Roosevelt Mosley, FCAS, a principal at Pinnacle Actuarial Resources, described how Twitter yields valuable information on insurance marketing. Social media outlets like Twitter, Facebook and LinkedIn provide a candid window into the conversations and opinions of millions of people, he said. “Current and potential customers are sharing sometimes intimate details of their life with the world,” Mosley said. Insurers have the opportunity to observe and react.

Companies can respond to online cris de coeur or passionate public protests as part of their customer service practice. They can listen, tapping into customer sentiments. They can monitor and pick up on broad market trends.

Data mining, Mosley said, is a “virtual focus group.” A company can put an ad online and then see how consumers like it.

Mosley contrasts two GEICO ad campaigns centered on visual puns: a camel proclaiming Wednesday as “Hump Day” and a pig that does strange and yet not strange things like riding in a car shrieking “whee!” or draping itself in a blanket at a football game. The camel ad campaign garnered a tremendous social response when it was launched, Mosley said, but interest leveled off quickly, even as the company tried to reignite it. The ads with the pig “had a much longer run,” he said, even though the ad provoked extreme responses. In fact, Mosley believes the pig ads have endured because they are divisive.

Mosley has also used social research to understand usage-based auto insurance, in which companies use a telematics device to monitor driving patterns. The question: How much of a discount do customers want before they think installing a device is worthwhile?
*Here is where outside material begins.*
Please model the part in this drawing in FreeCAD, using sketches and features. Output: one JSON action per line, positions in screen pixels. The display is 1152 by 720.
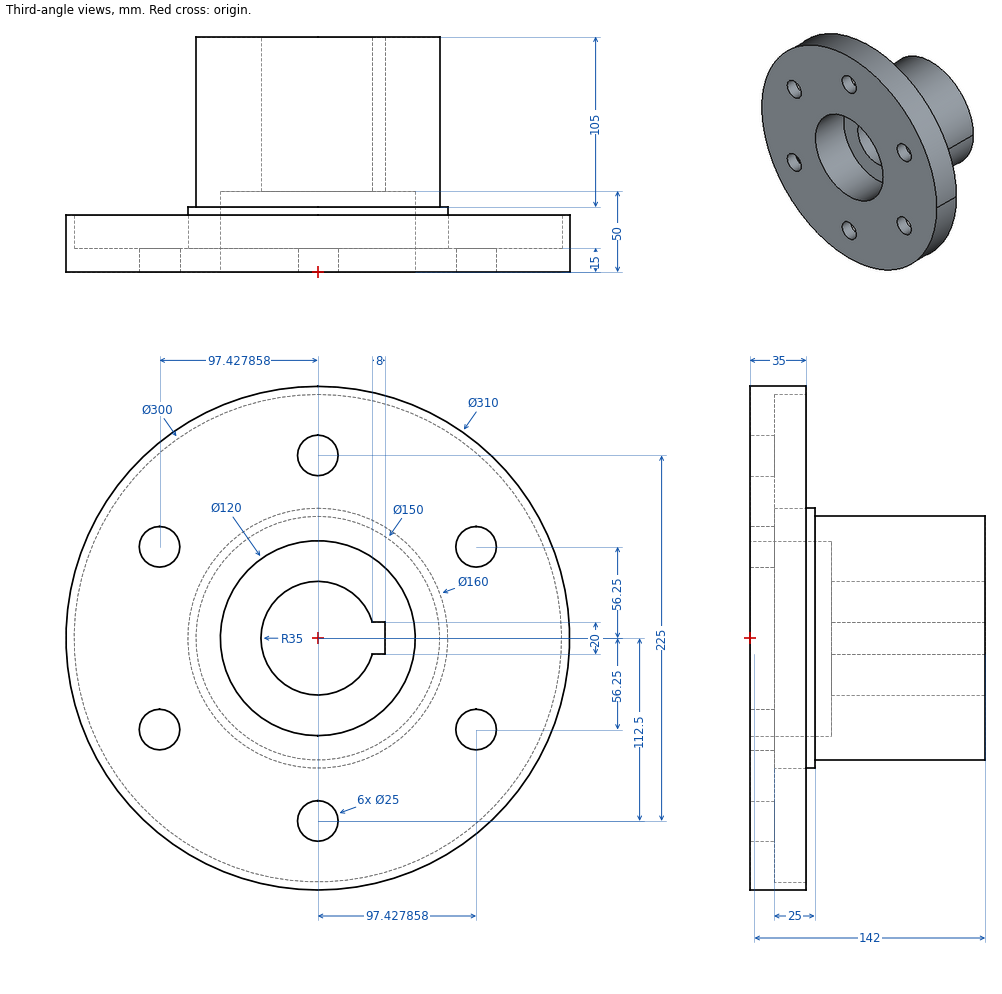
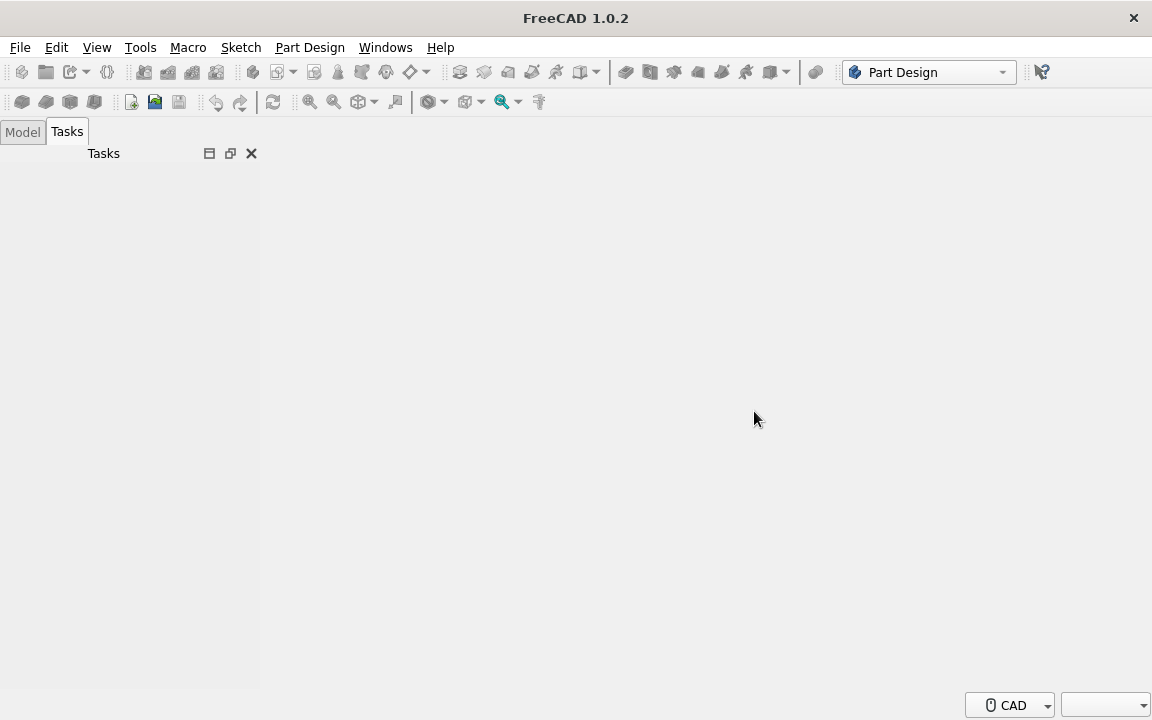
{"action": "left_click", "coordinate": [132, 102]}

It was no surprise, he said, to learn that people with higher discounts were more satisfied with the program. More surprising, however, was that the size of the discount was not as important as the size of the actual discount compared with the discount customers thought they should get.

Monitoring social media has the advantage of being unfiltered, Mosley said. “People are sharing raw emotional responses on both the good and the bad side,” he said.

On the other hand, that means insurers have to take care to understand what is driving the strong feelings; this is a process that “can get really tricky,” he said, but one that is worthwhile.

“Instead of having to guess what your policyholders want or what your customers are thinking,” he said, “sometimes you just have to do a little digging and you can find out.”


James P. Lynch, FCAS, is chief actuary and director of research and information services for the Insurance Information Institute in New York.